29th Minister of Home Affairs
- Incumbent
- Assumed office 23 October 2019
- President: Joko Widodo Prabowo Subianto
- Deputy: John Wempi Wetipo Ribka Haluk Bima Arya Sugiarto Akhmad Wiyagus
- Preceded by: Tjahjo Kumolo

23rd Chief of the Indonesian National Police
- In office 13 July 2016 – 22 October 2019
- President: Joko Widodo
- Preceded by: Badrodin Haiti
- Succeeded by: Idham Azis

Role(s) of acting minister
- 2024: Acting Coordinating Minister for Political, Legal, and Security Affairs

3rd Chief of the National Counter Terrorism Agency
- In office 16 March – 13 July 2016
- Preceded by: Saud Usman Nasution
- Succeeded by: Suhardi Alius

34th Chief of Greater Jakarta Metropolitan Regional Police
- In office 12 June 2015 – 16 March 2016
- Preceded by: Unggung Cahyono
- Succeeded by: Moechgiyarto

12th Chief of Papua Regional Police
- In office 21 September 2012 – 16 July 2014
- Preceded by: B. L. Tobing
- Succeeded by: Yotje Mende

Chief of Detachment 88
- In office 24 November 2009 – 29 September 2010
- Preceded by: Saud Usman Nasution
- Succeeded by: Muhammad Syafi'i

Personal details
- Born: 26 October 1964 (age 61) Palembang, South Sumatra, Indonesia
- Spouse: Tri Suswati ​(m. 1991)​
- Children: 3
- Alma mater: Indonesian National Police Academy; University of Exeter; Massey University; Nanyang Technological University;
- Police career
- Allegiance: Indonesia
- Department: Criminal Investigation Department (Bareskrim)
- Branch: Indonesian National Police
- Service years: 1987–2019
- Rank: Police-General

= Tito Karnavian =

Indonesian politician and police officer (born 1964)

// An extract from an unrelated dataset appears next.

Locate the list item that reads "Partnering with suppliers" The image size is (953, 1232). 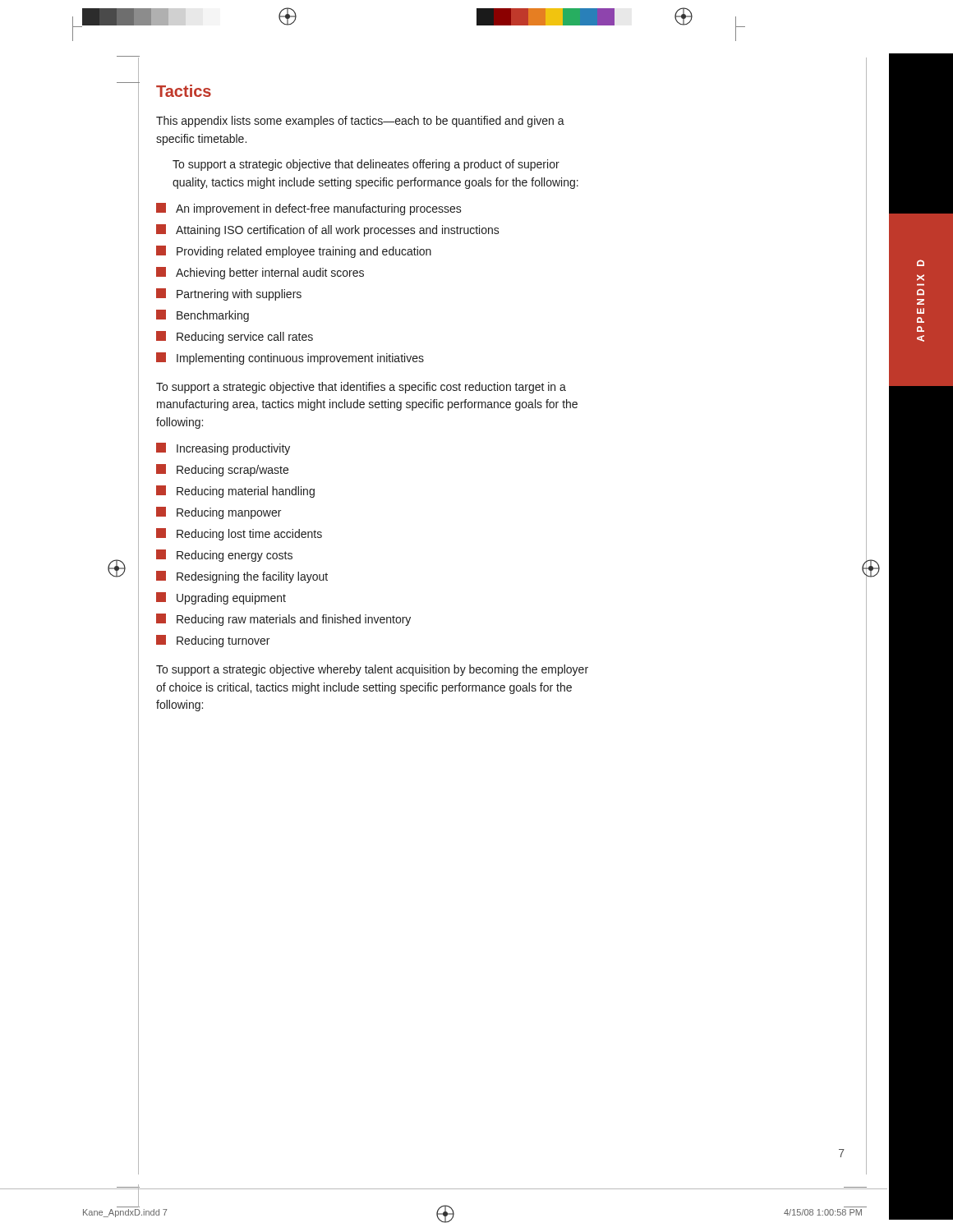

Police-General (Ret.) Muhammad Tito Karnavian (born 26 October 1964) is an Indonesian politician and retired police officer who is currently serving as Minister of Home Affairs. Previously, he served as chief of the Indonesian National Police from 2016 to 2019 and chief of the National Counter Terrorism Agency in 2016.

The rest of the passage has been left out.